Putting it together I have the following actions in my account controller.

[AcceptPost]
 public ActionResult Authenticate(string openid_identifier)
 {
 var claimsRequest = OpenIdHelper.CreateClaimsRequest(OpenIdHelper.RequestInformation.Email);
 return OpenIdHelper.Login(openid_identifier, claimsRequest);
 }

 /// <summary>
 /// Response from OpenId provider telling is user is authentic or not
 /// </summary>
 /// <param name="returnUrl"></param>
 /// <returns></returns>
 [ValidateInput(false)]
 public ActionResult Authenticate()
 {
 Authentication.OpenIdUser openIdUser;
 string message;

 if (OpenIdHelper.ValidateResponse(out openIdUser, out message))
     {
          // do some work
     }
 }

My OpenIdHelper can be downloaded at http://gist.github.com/323195

OpenId Provider Selector

It’s really a matter of preference but I picked the OpenId Selector.  I chose it because it’s simple to use.

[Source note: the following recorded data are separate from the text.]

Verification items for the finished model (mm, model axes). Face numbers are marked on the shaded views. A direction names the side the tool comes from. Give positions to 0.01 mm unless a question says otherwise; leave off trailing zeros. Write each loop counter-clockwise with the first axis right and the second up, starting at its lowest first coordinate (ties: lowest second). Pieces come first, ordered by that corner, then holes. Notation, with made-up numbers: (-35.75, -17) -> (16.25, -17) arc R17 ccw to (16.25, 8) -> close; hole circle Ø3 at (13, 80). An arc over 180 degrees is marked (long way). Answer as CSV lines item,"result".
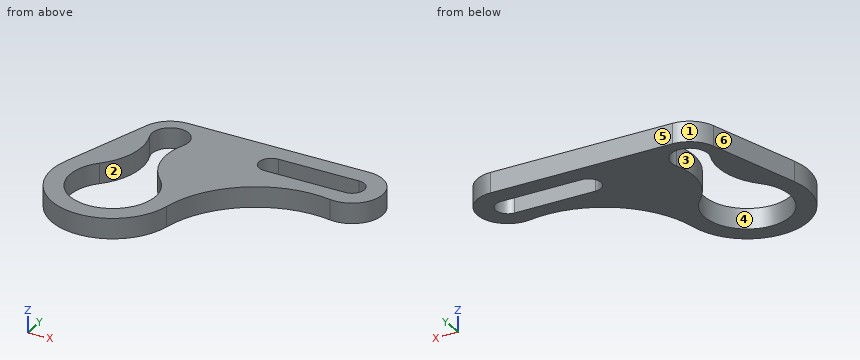
```python
from build123d import *

# Parameters (mm, degrees)
BOSS_EXTRUDE1_DEPTH = 5


with BuildPart() as part:
    # Sketch1 → Boss-Extrude1 (new, symmetric)
    with BuildSketch(Plane.XY):
        with BuildLine():
            Line((0, 65), (90, 65))
            ThreePointArc((90, 65), (104.943418217, 48.698365648), (87.406551135, 35.225900265))
            ThreePointArc((87.406551135, 35.225900265), (50.100874494, 26.949083525), (29.535645594, -5.25791207))
            ThreePointArc((29.535645594, -5.25791207), (-7.143700144, -29.137047693), (-28.618176043, 9))
            Line((-28.618176043, 9), (-14.309088021, 54.5))
            ThreePointArc((-14.309088021, 54.5), (-8.874119675, 62.093386622), (0, 65))
        make_face()
        with BuildLine():
            Line((50, 56), (90, 56))
            ThreePointArc((90, 56), (96, 50), (90, 44))
            Line((90, 44), (50, 44))
            ThreePointArc((50, 44), (44, 50), (50, 56))
        make_face(mode=Mode.SUBTRACT)
        with BuildLine():
            ThreePointArc((8.382229724, 46.723076923), (0, 59), (-8.382229724, 46.723076923))
            ThreePointArc((-8.382229724, 46.723076923), (-6.937432482, 29.759413292), (-14.956527547, 14.741176471))
            ThreePointArc((-14.956527547, 14.741176471), (0, -21), (14.956527547, 14.741176471))
            ThreePointArc((14.956527547, 14.741176471), (6.937432482, 29.759413292), (8.382229724, 46.723076923))
        make_face(mode=Mode.SUBTRACT)
    extrude(amount=BOSS_EXTRUDE1_DEPTH, both=True)


solid = part.part
```
1) Tool access check on the marked faces 1 and 2. Record the directions out of +Z, -Z, +X, -X, +Y, -Y that give a thin tool (end or side, any length) a straight path to the whole face; none if there is none.
Reported:
face 1,"+Z, -Z, -X, +Y"
face 2,"+Z, -Z"
2) Section check D-D (y = 50). Record the boundary of the cut face in (x, z).
Reported:
outline,"(-15.72, -5) -> (-9, -5) -> (-9, 5) -> (-15.72, 5) -> close; (9, -5) -> (44, -5) -> (44, 5) -> (9, 5) -> close; (96, -5) -> (105, -5) -> (105, 5) -> (96, 5) -> close"
3) Section check B-B (x = 57). Record the boundary of the cut face in (y, z), and give its area (3 significant figures).
Reported:
outline,"(30.99, -5) -> (44, -5) -> (44, 5) -> (30.99, 5) -> close; (56, -5) -> (65, -5) -> (65, 5) -> (56, 5) -> close"
area,"220 mm²"
4) Depth check by flat-ended pin: pin 1 (5 mm diameter, centred on y = 37, z = 0, fed in from +X); pin 2 (6 mm diameter, centred on x = 11.5, z = -2.5, fed in from -Y); pin 3 (4 mm diameter, centred on x = 77.5, z = 1.5, fed in from -Y). Enter the tip coordinate at first touch or a pass-through.
Reported:
pin 1,"x = 100.71"
pin 2,"y = -28.77"
pin 3,"y = 35.87"
5) Section check A-A (y = 0). Record the boundary of the cut face in (x, z).
Reported:
outline,"(-30, -5) -> (-21, -5) -> (-21, 5) -> (-30, 5) -> close; (21, -5) -> (30.77, -5) -> (30.77, 5) -> (21, 5) -> close"
6) Section check C-C (z = -1). Record the boundary of the cut face in (x, y).
Reported:
outline,"(-28.62, 9) arc R30 ccw (long way) to (29.54, -5.26) arc R50 cw to (87.41, 35.23) arc R15 ccw (long way) to (90, 65) -> (0, 65) arc R15 ccw to (-14.31, 54.5) -> close; hole (-14.96, 14.74) arc R21 ccw (long way) to (14.96, 14.74) arc R30 cw to (8.38, 46.72) arc R9 ccw (long way) to (-8.38, 46.72) arc R30 cw to start; hole (50, 44) -> (90, 44) arc R6 ccw to (90, 56) -> (50, 56) arc R6 ccw to start"
7) Draft check along X on the marked faces 3, 4, 5 and 6. Enter one of: +X half, -X half, draft (parallel to the pull), parting line (faces both ways), or undercut.
Reported:
face 3,"undercut"
face 4,"undercut"
face 5,"draft"
face 6,"-X half"
8) Scan lines: line 1 along X through (y, z) = (-12, 0.5); line 2 along Y through (x, z) = (74, 4); line 3 along Y through (x, z) = (63, -1.75). Record each from-to range of solid material in increasing order.
Reported:
line 1,"-27.5 to -17.23, 17.23 to 27.5"
line 2,"35.75 to 44, 56 to 65"
line 3,"33.43 to 44, 56 to 65"
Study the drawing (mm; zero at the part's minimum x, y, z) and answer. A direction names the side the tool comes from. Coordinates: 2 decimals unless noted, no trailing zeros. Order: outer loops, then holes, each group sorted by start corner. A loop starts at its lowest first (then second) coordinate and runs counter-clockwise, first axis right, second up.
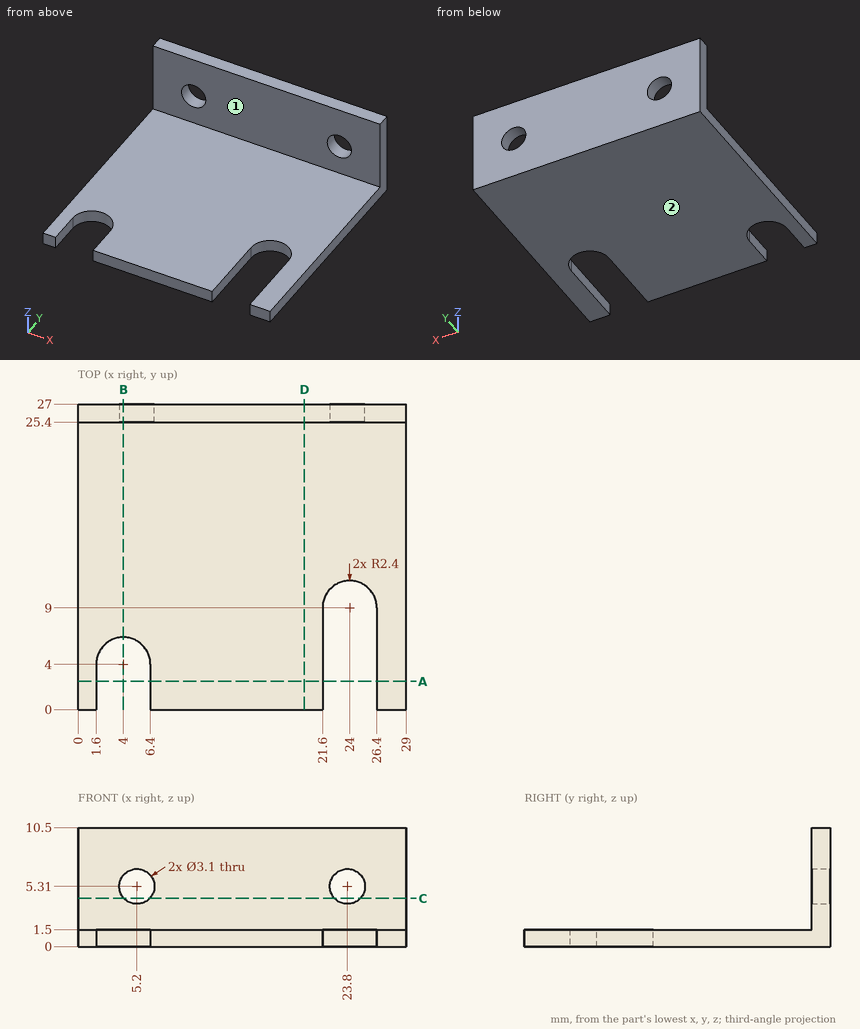
1) Which of the six approach directions +Z, -Z, +X, -X, +Y, -Y give full straight-line access (tool end or side, diameter ignored) to the marked faces 1 and 2?
A:
face 1: +Z, +X, -X, -Y
face 2: -Z, +X, -X, +Y, -Y
2) A cutting plane is placed at B-B, the plane x = 4. Determine the outline of the cut face in (y, z), and give its area (3 significant figures).
A:
outline: (6.4, 0) - (27, 0) - (27, 4.33) - (25.4, 4.33) - (25.4, 1.5) - (6.4, 1.5) - close; (25.4, 6.29) - (27, 6.29) - (27, 10.5) - (25.4, 10.5) - close
area: 42.2 mm2
3) Flat-ended cylindrical pins translate along their axes: pin 1 Ø1 at (x, y) = (19, 17) entering from +Z; pin 2 Ø6 at (x, z) = (21.5, 9) entering from -Y. Find the tip coordinate at first contact, or state that the pin passes through.
A:
pin 1: stops at z = 1.5
pin 2: stops at y = 25.4
4) Straight lines are drawn through the part: line 1 (Z direction, x = 23.8, y = 25.9); line 2 (Z direction, x = 15.25, y = 19.75); line 3 (Y direction, x = 12.75, z = 7). For each, find the intervals that lie inside material, in ascending order.
A:
line 1: z = 0 to 3.76, 6.86 to 10.5
line 2: z = 0 to 1.5
line 3: y = 25.4 to 27
5) A cutting plane is placed at C-C, the plane z = 4.25. Determine the outline of the cut face in (x, y).
A:
outline: (0, 25.4) - (4.07, 25.4) - (4.07, 27) - (0, 27) - close; (6.33, 25.4) - (22.67, 25.4) - (22.67, 27) - (6.33, 27) - close; (24.93, 25.4) - (29, 25.4) - (29, 27) - (24.93, 27) - close
6) A cutting plane is placed at A-A, the plane y = 2.5. Determine the outline of the cut face in (x, z), and give its area (3 significant figures).
A:
outline: (0, 0) - (1.6, 0) - (1.6, 1.5) - (0, 1.5) - close; (6.4, 0) - (21.6, 0) - (21.6, 1.5) - (6.4, 1.5) - close; (26.4, 0) - (29, 0) - (29, 1.5) - (26.4, 1.5) - close
area: 29.1 mm2
7) A cutting plane is placed at D-D, the plane x = 20. Determine the outline of the cut face in (y, z).
A:
outline: (0, 0) - (27, 0) - (27, 10.5) - (25.4, 10.5) - (25.4, 1.5) - (0, 1.5) - close
Autodesk Inventor part; units mm, degrees
ref_plane "YZ Plane" through (0, 0, 0) normal (1, 0, 0) x (0, 1, 0)
ref_plane "XZ Plane" through (0, 0, 0) normal (0, 1, 0) x (-1, 0, 0)
ref_plane "XY Plane" through (0, 0, 0) normal (0, 0, 1) x (1, 0, 0)
sketch "Sketch1" plane through (0, 0, 0) normal (0, 0, 1) x (1, 0, 0)
  line L0 (-30, 44) -> (-30, -44)
  line L1 (-30, -44) -> (30, -44)
  line L2 (30, -44) -> (30, 44)
  line L3 (30, 44) -> (-30, 44)
  circle A0 centre (22.5, -24) radius 3
  circle A1 centre (-22.5, -24) radius 3
  line L4 (-15, -4) -> (-30, -4)
  line L5 (-30, -4) -> (-30, -44)
  line L6 (-15, -44) -> (-30, -44)
  line L7 (-15, -4) -> (-15, -44)
  circle A2 centre (-22.5, 24) radius 3
  line L8 (-15, 44) -> (-30, 44)
  line L9 (-30, 44) -> (-30, 4)
  line L10 (-15, 4) -> (-30, 4)
  line L11 (-15, 44) -> (-15, 4)
  circle A3 centre (-22.5, 24) radius 3
  line L12 (-15, 4) -> (-30, 4)
  line L13 (-30, 4) -> (-30, 44)
  line L14 (-15, 44) -> (-30, 44)
  line L15 (-15, 4) -> (-15, 44)
  circle A4 centre (-22.5, 24) radius 3
  line L16 (-15, 4) -> (-30, 4)
  line L17 (-30, 4) -> (-30, 44)
  line L18 (-15, 44) -> (-30, 44)
  line L19 (-15, 4) -> (-15, 44)
  circle A5 centre (-22.5, 24) radius 3
  line L20 (-15, 4) -> (-30, 4)
  line L21 (-30, 4) -> (-30, 44)
  line L22 (-15, 44) -> (-30, 44)
  line L23 (-15, 4) -> (-15, 44)
  circle A6 centre (-22.5, 24) radius 3
  line L24 (-15, 4) -> (-30, 4)
  line L25 (-30, 4) -> (-30, 44)
  line L26 (-15, 44) -> (-30, 44)
  line L27 (-15, 4) -> (-15, 44)
  circle A7 centre (-22.5, 24) radius 3
  line L28 (-15, 4) -> (-30, 4)
  line L29 (-30, 4) -> (-30, 44)
  line L30 (-15, 44) -> (-30, 44)
  line L31 (-15, 4) -> (-15, 44)
  circle A8 centre (22.5, 24) radius 3
  line L32 (30, 4) -> (15, 4)
  line L33 (15, 4) -> (15, 44)
  line L34 (30, 44) -> (15, 44)
  line L35 (30, 4) -> (30, 44)
  point P0 (0, 0)
extrude "Extrusion1" add sketch "Sketch1" along normal blind 5
sketch "Sketch2" plane through (0, 0, 5) normal (0, 0, 1) x (1, 0, 0)
  line L0 (30, 44) -> (-30, 44)
  line L1 (-30, 44) -> (-30, -44)
  line L2 (30, 44) -> (-30, 44)
  line L3 (-30, 44) -> (-30, 32)
  line L4 (-30, 32) -> (30, 32)
  line L5 (30, 32) -> (30, 44)
  line L6 (30, -44) -> (-30, -44)
  line L7 (-30, -44) -> (-30, -32)
  line L8 (-30, -32) -> (30, -32)
  line L9 (30, -32) -> (30, -44)
  point P0 (0, 0)
  dimension "d2" = 12
  dimension "d3" = 12
extrude "Extrusion2" add sketch "Sketch2" along normal blind 40
sketch "Sketch3" plane through (0, 0, 45) normal (0, 0, 1) x (1, 0, 0)
  circle A0 centre (21, 38) radius 1.5
  circle A1 centre (-21, 38) radius 1.5
  circle A2 centre (21, -38) radius 1.5
  circle A3 centre (-21, -38) radius 1.5
  line L0 (-30, 32) -> (30, 32)
  line L1 (-30, -44) -> (30, -44)
  line L2 (30, 32) -> (30, 44)
  line L3 (30, -44) -> (30, -32)
  point P0 (0, 0)
  dimension "d6" = 3
  dimension "d7" = 3
  dimension "d8" = 3
  dimension "d9" = 3
  dimension "d10" = 6
  dimension "d11" = 6
  dimension "d12" = 42
  dimension "d13" = 42
  dimension "d14" = 9
  dimension "d15" = 9
extrude "Extrusion3" cut sketch "Sketch3" against normal blind 5
sketch "Sketch4" plane through (0, 0, 5) normal (0, 0, 1) x (1, 0, 0)
  circle A0 centre (22.5, 24) radius 3
  circle A1 centre (22.5, 24) radius 3.5
  circle A2 centre (22.5, -24) radius 3
  circle A3 centre (22.5, -24) radius 3.5
  circle A4 centre (-22.5, 24) radius 3
  circle A5 centre (-22.5, 24) radius 3.5
  circle A6 centre (-22.5, -24) radius 3
  circle A7 centre (-22.5, -24) radius 3.5
  point P0 (0, 0)
  dimension "d18" = 7
  dimension "d19" = 7
  dimension "d20" = 7
  dimension "d21" = 7
extrude "Extrusion4" cut sketch "Sketch4" against normal blind 5 contours A0 | A1 | A2 | A3 | A4 | A5 | A6 | A7
ref_plane "Work Plane1" through (0, -44, 0) normal (-1, 0, 0) x (0, 0, 1)
sketch "Sketch5" plane through (0, -44, 0) normal (-1, 0, 0) x (0, 0, 1)
  line L0 (5, 76) -> (5, 12)
  line L1 (5, 76) -> (5, 51)
  line L2 (45, 76) -> (45, 88)
  line L3 (5, 51) -> (45, 76)
  line L4 (5, 76) -> (45, 76)
  line L5 (45, 76) -> (5, 76)
  line L6 (5, 12) -> (45, 12)
  line L7 (5, 12) -> (5, 37)
  line L8 (45, 12) -> (45, 0)
  line L9 (5, 37) -> (45, 12)
  line L10 (45, 12) -> (5, 12)
  point P0 (0, 44)
  dimension "d24" = 25
  dimension "d25" = 25
extrude "Extrusion5" add sketch "Sketch5" along normal mid plane 12
properties part number "bearingV2"
Input: part model. Units: mm. Frame: model coordinates. A direction names the side the tool comes from. Round coordinates to 2 decimals unless told otherwise and drop trailing zeros. Order: outer loops, then holes, each group sorted by start corner. A loop starts at its lowest first (then second) coordinate and runs counter-clockwise, first axis right, second up. Notation, with made-up numbers: (62.25, 7.5) - (80.25, 7.5) arc R29 cw to (80.25, 39.5) - close; hole circle Ø8 at (51.5, 15). An arc over 180 degrees is marked (long way). Answer as a JSON object with one key per item and string values. Group by question number.
(1) Cut plane C-C (x = 15). Return loops of the section in (y, z).
(2) Cut plane A-A (y = 24). Return loops of the section in (x, z), then the cut area to 3 significant figures.
(3) Reachability of faces 1 (the face through (-21, 38, 40)), 2 (the face through (0, 38, 45)), 3 (the face through (-6, -25, 16)), 4 (the face through (0.084, -19.325, 24.72)) from +Z, -Z, +X, -X, +Y, -Y: full face, straight path, thin tool, end or side. Return the list, or none.
(4) Cut plane B-B (z = 38). Return loops of the section in (x, y) (3 decimals), then the cut area to 4 significant figures.
(5) Draft query along X for faces 5 (the face through (24.38, -21.05, 2.54)), 6 (the face through (-6, 22, 20)), 7 (the face through (18, -32, 25)), 8 (the face through (25.84, 25.05, 2.54)). Return one class per face: released by +X, released by -X, zero draft, split by the parting line, or undercut.
(6) Cut plane D-D (y = -30). Return loops of the section in (x, z).
(7) Material intervals for probe 1 along Y at (x, z) = (-21, 42.35); probe 2 along Y at (x, z) = (-27, 41); probe 3 along Y at (x, z) = (-25, 4), sorted ascending. Write a range as from..to.
(8) Pin query (flat end, axial travel): P1, Ø0.9, axis at x = 21, y = -38.5, coming from the +Z side; P2, Ø7.5, axis at y = -23.5, z = 25, coming from the +X side; P3, Ø2, axis at x = 23, y = 5.5, coming from the +Z side; P4, Ø4, axis at x = 21, y = 38, coming from the +Z side. Return the tip coordinate at first contact, or that it passes through.
Here are the results:
{
 "1": {"outline": "(-44, 0) - (44, 0) - (44, 45) - (32, 45) - (32, 5) - (-32, 5) - (-32, 45) - (-44, 45) - close"},
 "2": {"outline": "(-30, 0) - (-26, 0) - (-26, 5) - (-30, 5) - close; (-19, 0) - (19, 0) - (19, 5) - (6, 5) - (6, 32.2) - (-6, 32.2) - (-6, 5) - (-19, 5) - close; (26, 0) - (30, 0) - (30, 5) - (26, 5) - close", "area": "556 mm^2"},
 "3": {"face 1": "+Z", "face 2": "+Z, +X, -X, +Y, -Y", "face 3": "+Z, -X", "face 4": "+Z, +X, -X"},
 "4": {"outline": "(-30, -44) - (30, -44) - (30, -32) - (6, -32) - (6, -27.625) - (-6, -27.625) - (-6, -32) - (-30, -32) - close; (-30, 32) - (-6, 32) - (-6, 27.625) - (6, 27.625) - (6, 32) - (30, 32) - (30, 44) - (-30, 44) - close", "area": "1,545 mm^2"},
 "5": {"face 5": "undercut", "face 6": "released by -X", "face 7": "zero draft", "face 8": "undercut"},
 "6": {"outline": "(-30, 0) - (30, 0) - (30, 5) - (6, 5) - (6, 41.8) - (-6, 41.8) - (-6, 5) - (-30, 5) - close"},
 "7": {"probe 1": "y = -44..-39.5, -36.5..-32, 32..36.5, 39.5..44", "probe 2": "y = -44..-32, 32..44", "probe 3": "y = -44..-26.45, -21.55..21.55, 26.45..44"},
 "8": {"P1": "stops at z = 40", "P2": "stops at x = 6", "P3": "stops at z = 5", "P4": "stops at z = 45"}
}

<%@ Page Title="" Language="C#" MasterPageFile="~/Views/Shared/Site.Master" Inherits="System.Web.Mvc.ViewPage" %>

<asp:Content ID="Content1" ContentPlaceHolderID="TitleContent" runat="server">
 LogOn
</asp:Content>
<asp:Content ID="Content3" ContentPlaceHolderID="HeaderContent"  runat="server">
 <link href="../../Content/openid.css" rel="stylesheet"  type="text/css" />
 <script src="../../Scripts/openid-jquery.js"  type="text/javascript"></script>
 <script type="text/javascript">
 $(document).ready(function() {
 openid.init('openid_identifier');
 });
 </script>
 </asp:Content>
<asp:Content ID="Content2" ContentPlaceHolderID="MainContent" runat="server">

<!-- Simple OpenID Selector -->
<% using (Html.BeginForm("Authenticate", "Account", FormMethod.Post, new { @id = "openid_form" }))
 { %>

 <input type="hidden" name="action" value="verify" />

 <fieldset>
 <legend>Sign-in or Create New Account</legend>

 <div id="openid_choice">
 <p>Please click your account provider:</p>
 <div id="openid_btns"></div>
 </div>

 <div id="openid_input_area">
 <input id="openid_identifier" name="openid_identifier" type="text" value="http://" />
 <input id="openid_submit" type="submit" value="Sign-In"/>
 </div>
 <noscript>
 <p>OpenID is service that allows you to log-on to many different websites using a single indentity.
 Find out <a href="http://openid.net/what/">more about OpenID</a> and <a href="http://openid.net/get/">how to get an OpenID enabled account</a>.</p>
 </noscript>
 </fieldset>

<% } %>

</asp:Content>

It could just be me, but I had a strange problem with the plug-in and had to make a minor change to get it to function properly.  In the situation where I have previously selected an OpenId provider, the next time I come to the page and try to select a different provider it still goes to the original provider that was selected.

In the openid-jquery.js plug-in, I had to change line 169 in the setOpenIdUrl function from :

hidden.value = url;

to

$(hidden).val(url);

Well that’s all I got for my first post, hope it’s at least somewhat useful to someone other than me.  Any feedback or suggestions would be appreciated.